Reappraisals: Reflections on the Forgotten Twentieth Century

By Tony Judt
Heinemann, 2008, £20

In the early 1990s Tony Judt was in his mid-40s, a fairly obscure British historian, specialising in modern French history. Three things happened to make him one of the best-known historians of his generation. First, in 1995, he became Director of the Remarque Institute at New York University, just at the time when historians in New York were redefining  the way we think about modern Europe. Then, in 2005 he published Postwar, the masterpiece of the new European history, a monumental 900-page, acclaimed account of Europe since 1945. Finally, at around the same time as Postwar, he wrote a number of controversial articles attacking Israel and Bush’s war on terror. He had become one of the best-known public intellectuals in America.

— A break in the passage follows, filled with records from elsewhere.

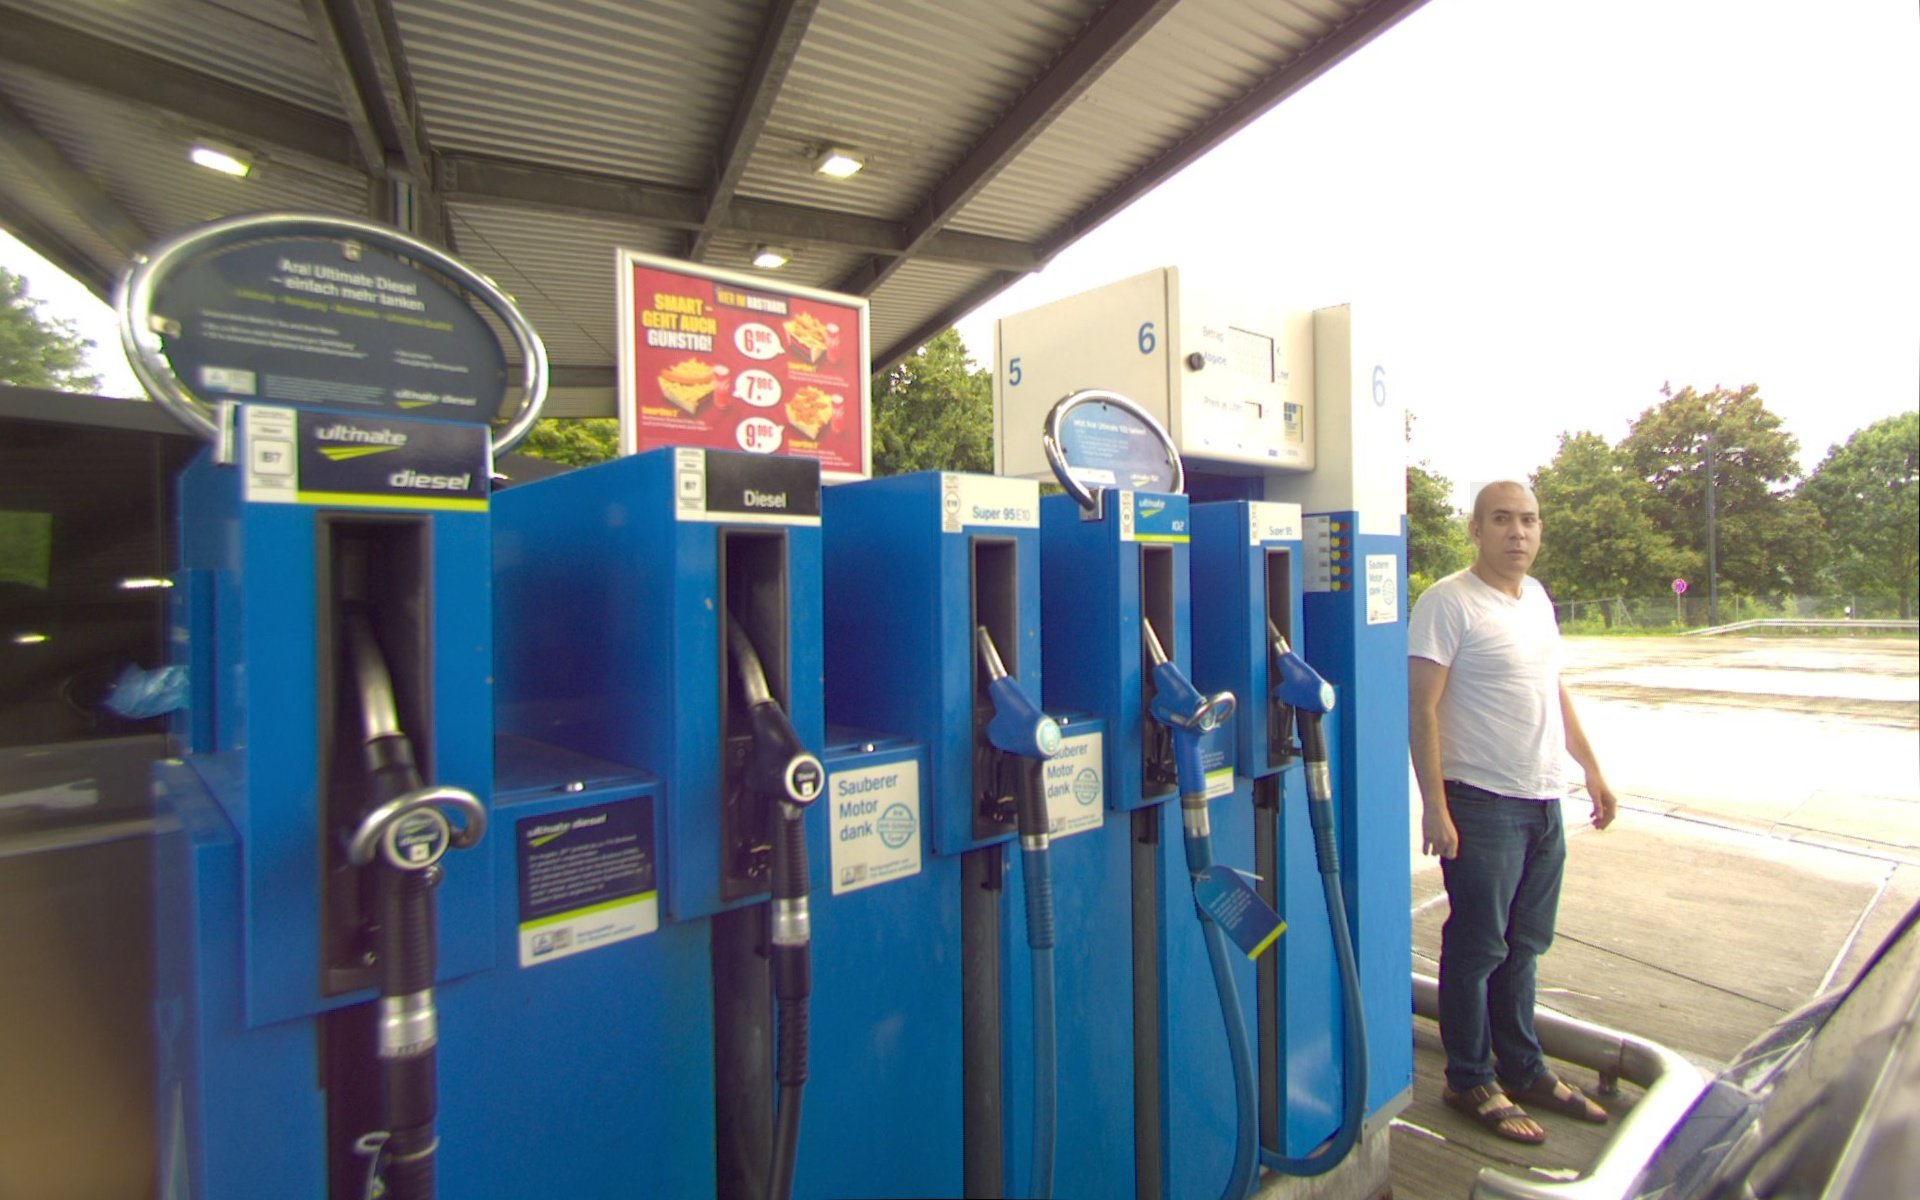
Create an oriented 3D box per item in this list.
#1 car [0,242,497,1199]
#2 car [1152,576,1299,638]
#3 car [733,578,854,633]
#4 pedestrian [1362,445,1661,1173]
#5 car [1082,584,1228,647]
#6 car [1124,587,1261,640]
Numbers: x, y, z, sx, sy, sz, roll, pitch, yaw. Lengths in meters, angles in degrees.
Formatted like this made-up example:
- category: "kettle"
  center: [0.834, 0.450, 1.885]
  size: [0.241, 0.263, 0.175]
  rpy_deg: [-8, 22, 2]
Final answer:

Reappraisals is his first book since Postwar. It is a collection of essays published between 1994 and 2006. These two dozen essays mostly appeared in the New York Review of Books and the New Republic. This is Judt as essayist and public intellectual, writing about writers, thinkers and politics from the Cold War to the Bush Years. He is opinionated and fluent, a sort of east coast David Starkey, with more than a touch of nastiness. He rages against Israel, dismisses French Marxists like Louis Althusser, and eviscerates a recent biography of Arthur Koestler. But he has his heroes, too. Koestler and Primo Levi, Edward Said and Albert Camus, ‘the best man in France’. His heroes are Jews and exiles, mostly men (and the occasional woman) in the dark times between the Russian Revolution and the height of the Cold War.

There are interesting continuities between these essays, mostly written while he was working on Postwar, and his acclaimed history of post-1945 Europe itself. In both there is a dark vision. He has no illusions about Europe (or America). There is no happy story of progress and he reserves some of his sharpest polemics for the post-1989 optimism and faith in free-market democracy that followed the fall of the Wall. Much of the history in these essays is brutal. He writes of the violence of Prussian troops in 1815 and what Romanian soldiers did to Jews in World War Two. He admires Hannah Arendt for the way she grasped the central importance of terror in totalitarian regimes and approvingly quotes the Polish thinker, Leszek Kolakowski: ‘The Devil is part of our experience… Evil, I contend, is not contingent … but a stubborn and unredeemable fact.’

The rise and fall of Communism was, according to Judt, one of the defining features of the twentieth century, especially the mid-twentiethth century. He keeps coming back to the great anti-Communist tradition, both critics of Communism and ex-Communists like Koestler and Camus. ‘They are,’ he writes, ‘the twentieth century’s Republic of Letters.’ Some of his fiercest scorn is for Marxists who never saw the light — the French Communist, Louis Althusser, and the historian, EJ Hobsbawm. His review of Hobsbawm’s memoirs is one of the best essays in the book. How could Hobsbawm stay loyal to Communism, after all that had happened? ‘Seventy years of “real existing Socialism” contributed nothing to the sum of human welfare. Nothing.’ And yet Hobsbawm remained a Communist. He was undoubtedly one of the great historians of his time, and yet, ‘he has somehow slept through the terror and shame of the age.’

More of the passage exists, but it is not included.